The purpose of the Treasury Department’s bailout plan was to instill confidence in the market. It hasn’t worked. The Fed announced this week it will being buying commercial paper (unsecured debt) to help firms and instill confidence in the market. It hasn’t worked. After yesterday’s mammoth losses the stock market has lost twice as much in the past four days as it did in the whole month after Freddie and Fannie went under, triggering the crisis. Instead of stabilizing the market, the governments actions have increased uncertainty. If we had a time machine we could go back and ask the President to stick by his word from August when he said there would be no bailouts. Without the hint of a rescue Wall Street could have sought other alternatives. As soon as they smelled blood, Wall Street zoned in on the free government money and had their lobbyist convince us all that this was the ONLY way to save us from disaster. They were wrong too. So now what? The government can play a roll in stabilizing the markets. They don’t need to repeal The Bailout to do it. And it could probably be done without Congress too. Using emergency powers, the President’s office, the Treasury, Fed, SEC, and IRS should announce the following list of changes:
- There will be a temporary tax freeze for any money that is invested in the US from overseas (both foreign and repatriation);
- There will be a cut in the capital gains tax rate to 10%;
- Immigration and Homeland Security offices will begin lifting quotas for high skilled labor to enter the US on work visas;
- Taxes on any earnings from money invested in the Dow, Nasdaq, or S&P 500 between now and Dec. 31 will be cut or significantly reduced.

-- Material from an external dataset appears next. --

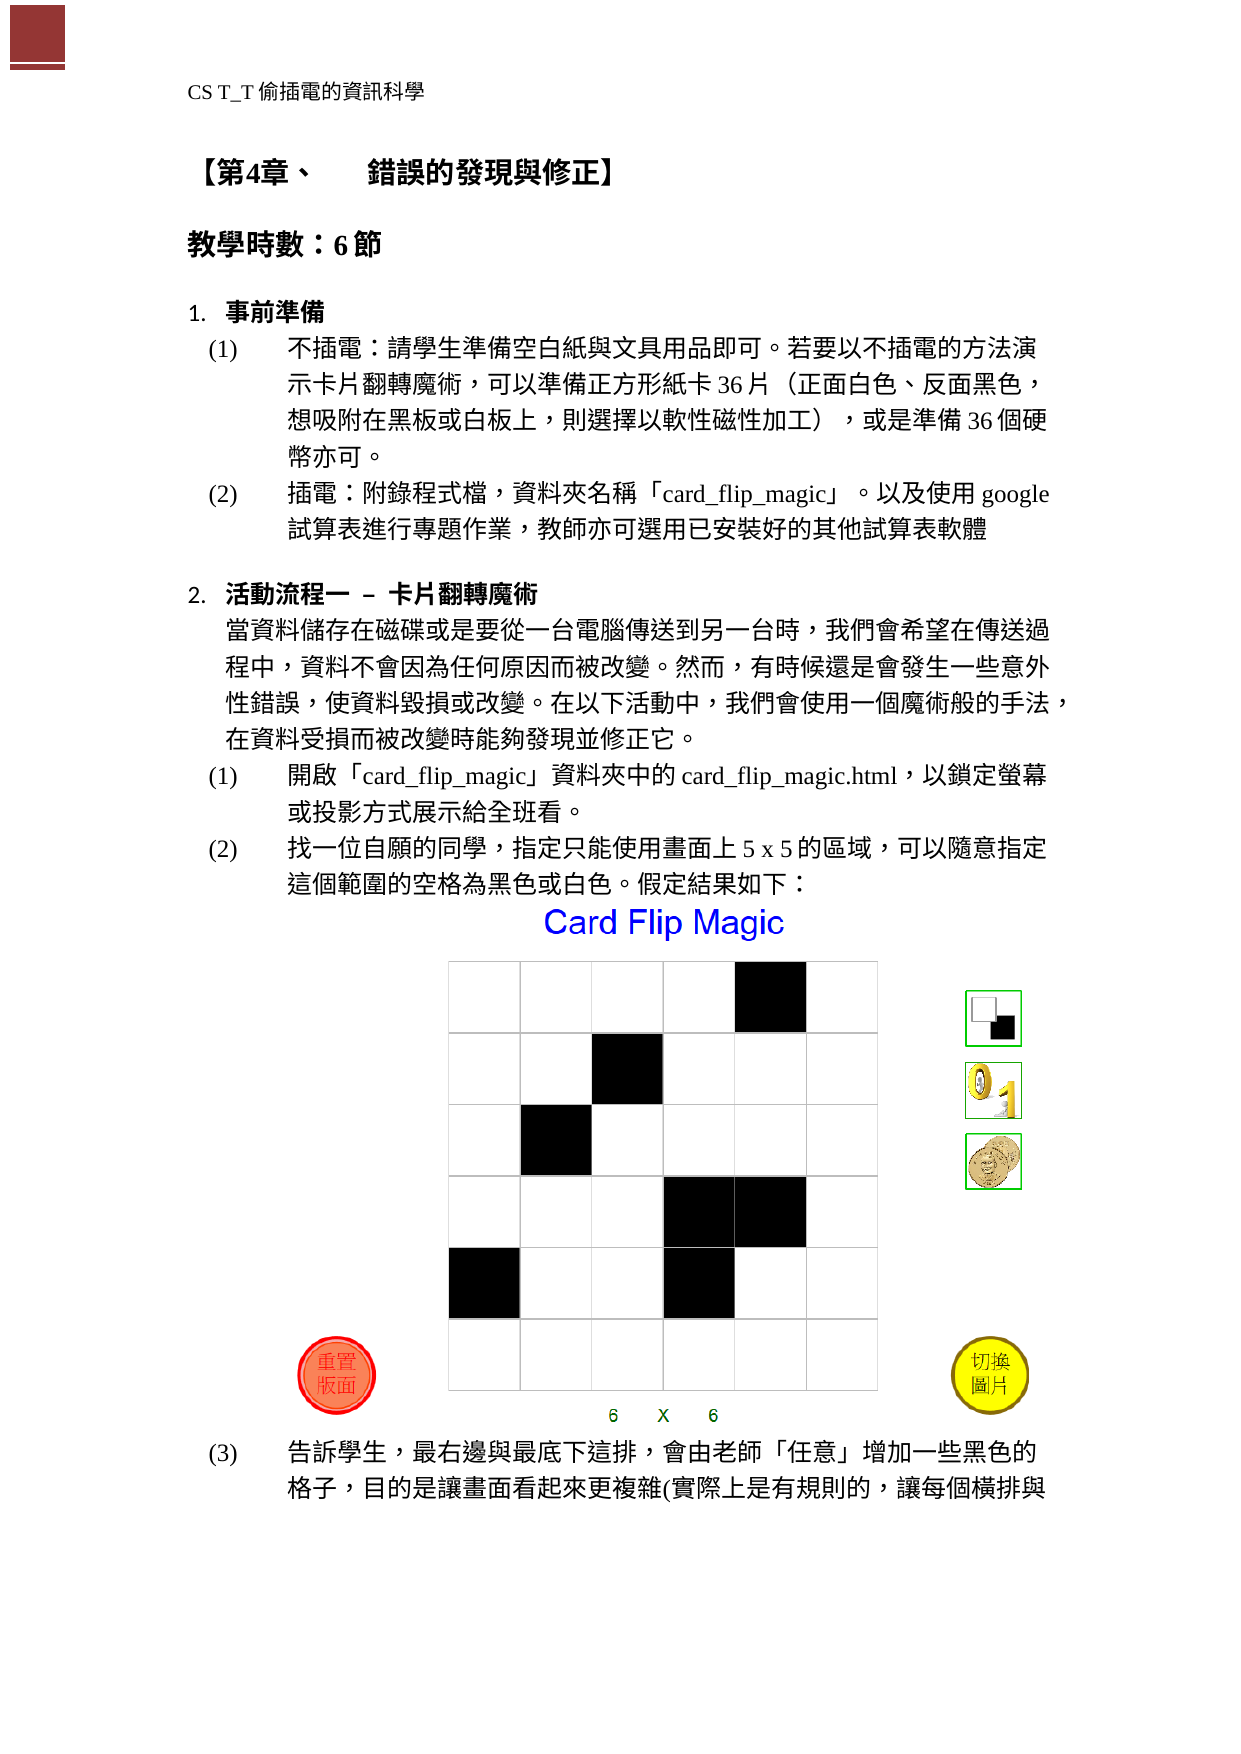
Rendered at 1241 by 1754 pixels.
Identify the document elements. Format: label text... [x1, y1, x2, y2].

Those four measures should instill significant confidence in the market and spur investment AND economic growth in America. It will bring in money and people from overseas, and stabilize our markets (while stabilizing global markets too). If Congress wants to have a say they can reconvene session and pass legislation after the Executive branch makes these unilateral moves. Meanwhile, there are still some bring spots in the financial sector. Morgan Stanley has the right idea as it struggles under the weight of its bad financial decisions. Instead of running hat-in-hand to the government like AIG, Wachovia/Citigroup, Detroit automakers, or the bulk of Wall Street with the big bailout they have sought financing from the… wait for it… private sector! (cue parade music, fireworks, streamers, and balloons). In order to raise capital to cover its losses, they are planning to sell a 21 percent stake to Japan’s Mitsubishi UFJ Financial Group for $9 billion (this was noted on September 29, 2008 by Out of Control). This is how the market should be working and how to survive the crisis.